◆ Directions for this task ◆
Show all lines of the listing that hold the word "Green".

◆ Given records ◆
>>

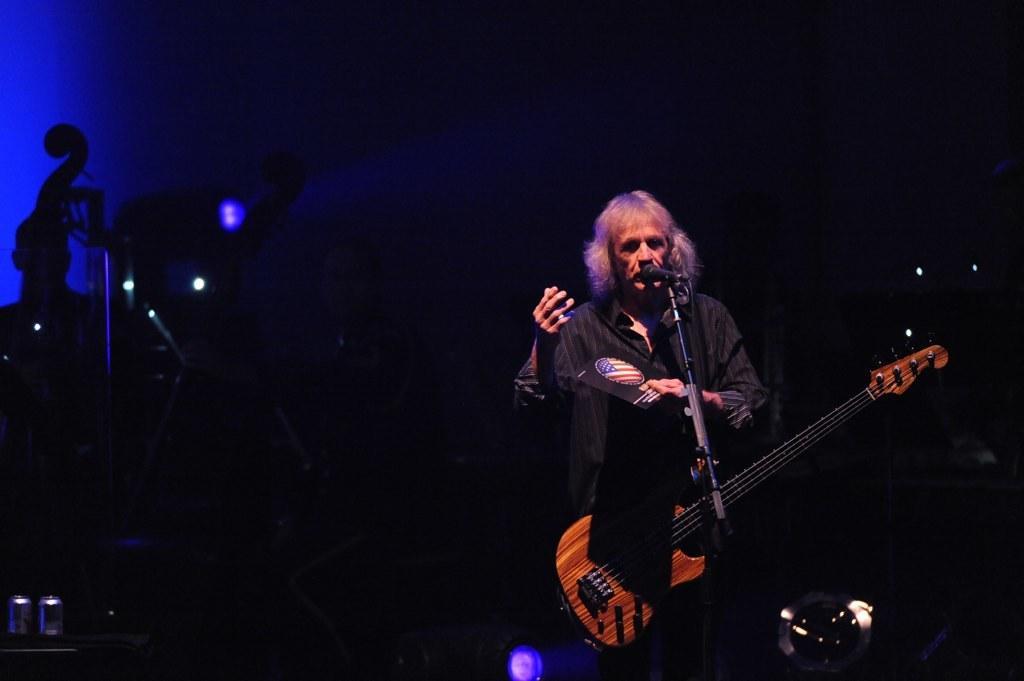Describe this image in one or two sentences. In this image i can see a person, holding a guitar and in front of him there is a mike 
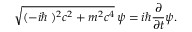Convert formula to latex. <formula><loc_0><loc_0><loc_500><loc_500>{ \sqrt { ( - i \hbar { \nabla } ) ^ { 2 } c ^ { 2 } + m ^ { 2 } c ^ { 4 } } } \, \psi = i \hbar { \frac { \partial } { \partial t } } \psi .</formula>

<<
>>

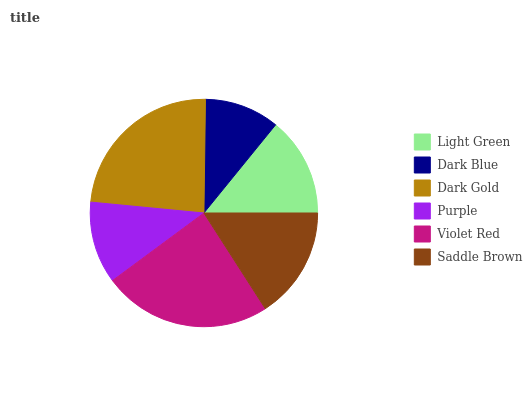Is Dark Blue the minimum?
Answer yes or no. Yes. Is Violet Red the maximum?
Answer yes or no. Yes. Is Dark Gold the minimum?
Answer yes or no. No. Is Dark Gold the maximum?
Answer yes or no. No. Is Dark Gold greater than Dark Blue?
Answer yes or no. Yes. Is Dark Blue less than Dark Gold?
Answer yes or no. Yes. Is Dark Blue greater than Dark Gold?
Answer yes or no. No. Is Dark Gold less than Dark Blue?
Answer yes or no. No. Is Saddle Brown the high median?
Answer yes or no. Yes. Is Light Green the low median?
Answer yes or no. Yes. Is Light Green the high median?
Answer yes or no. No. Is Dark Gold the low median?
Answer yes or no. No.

<<

◆ Exercise solution ◆
Answer yes or no. Yes. Is Light Green the low median?
Answer yes or no. Yes. Is Light Green the high median?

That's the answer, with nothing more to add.